After returning to the United States, the Landichos traveled around the country with the statue, fundraising for the oratory. Through all of the travel, the vestments of the statue were damaged, so the couple arranged for Filipino artisans to stay with them and restore the statue in their home.

They said they felt very privileged to have Our Lady in their home for six weeks, and during that time their home turned into a small pilgrimage site, with parishioners from St. Joseph’s coming in at different times each day to pray in front of the statue.

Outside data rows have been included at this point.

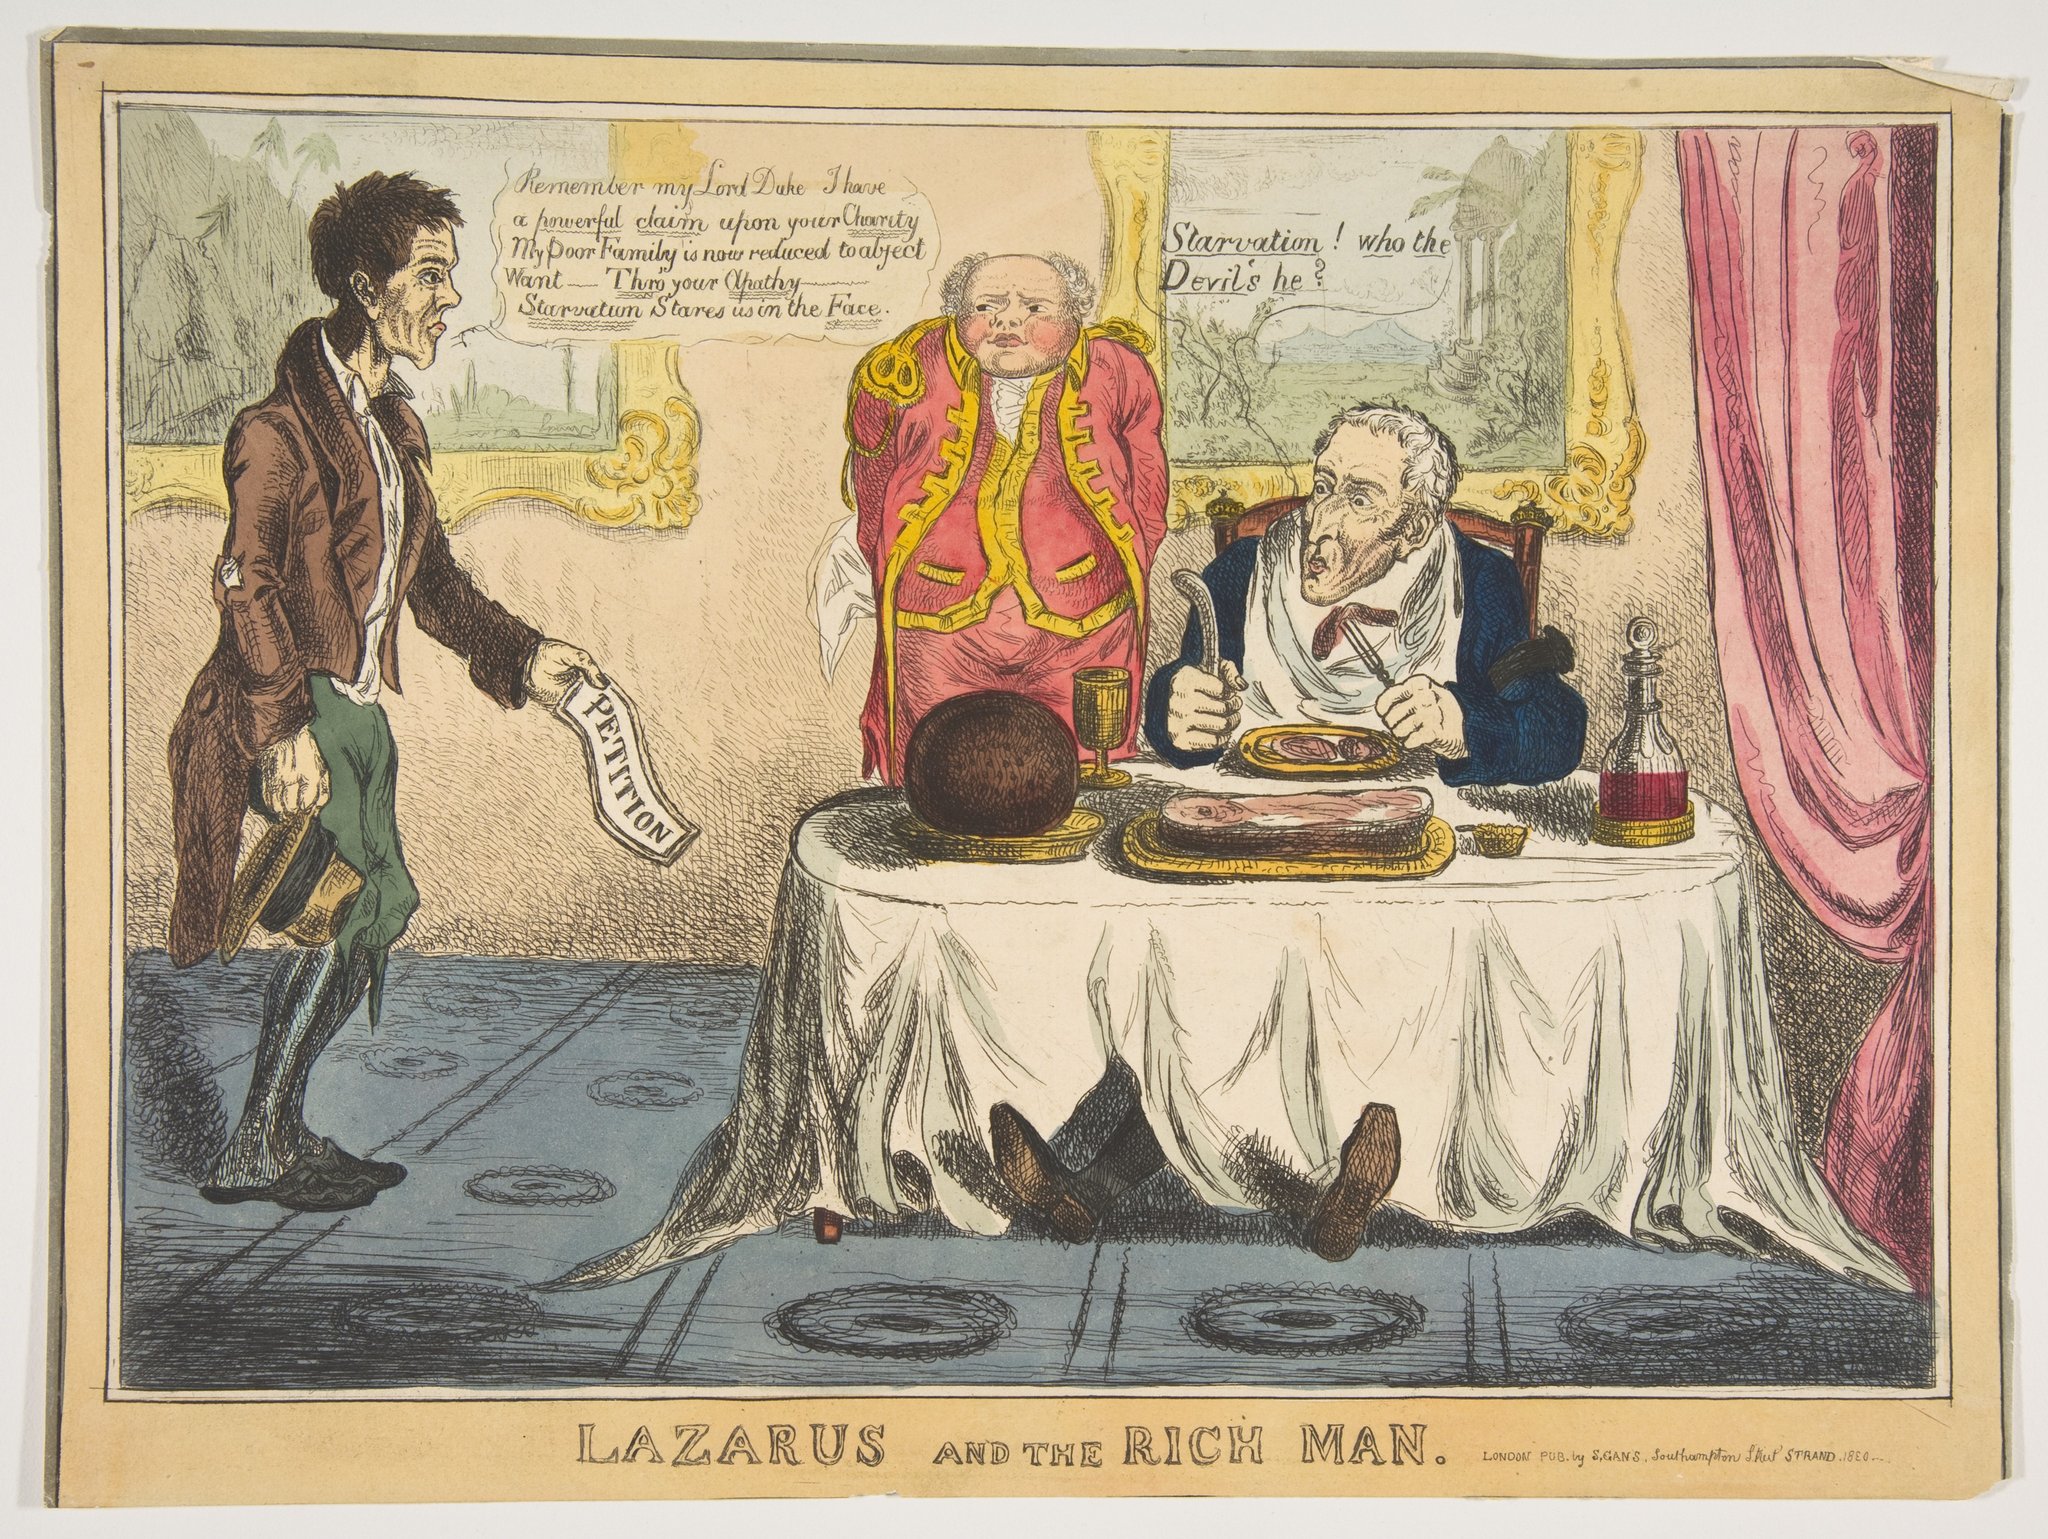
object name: print
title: Lazarus and the Rich Man
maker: anonymous, british, 19th century
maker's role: artist
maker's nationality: british
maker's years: 1800-1900
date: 1830
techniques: etching
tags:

John received the “Order of Merit” award from Cardinal Theodore McCarrick for his work with the oratory, but he said “they really got it wrong, because it should have been a joint award.” Several years later, Cardinal Donald Wuerl presented the couple with a Manifesting the Kingdom Award, and this time, “They got it right” by including Cora, John said.

Following their example of service to the Church, most of their grandchildren are now altar servers. Reflecting on how the faith has passed down the generations, Cora said when her kids were growing up she never thought about the “chain reaction” that comes from what she did, but just tried to live her faith as she normally would.

“What you do is the good example, not what you tell them,” she said.

Cora also remembers that it was her own parents that instilled the faith in her through their intense prayer during the war, as the family had to keep running and hiding from the Japanese who were hunting them down.

Cora has continued to be resilient, and about a year ago she had to have heart surgery with five bypasses and an aortic valve replacement. She has been gradually getting better ever since, and John still keeps a journal of all of her medications. True to the vows he had taken nearly 60 years previously, “when she was sick, I didn’t run,” he said.

“When you take your vows, it is not a set of words,” said John. “You’re doing it in a church before God. It is a promise before Him."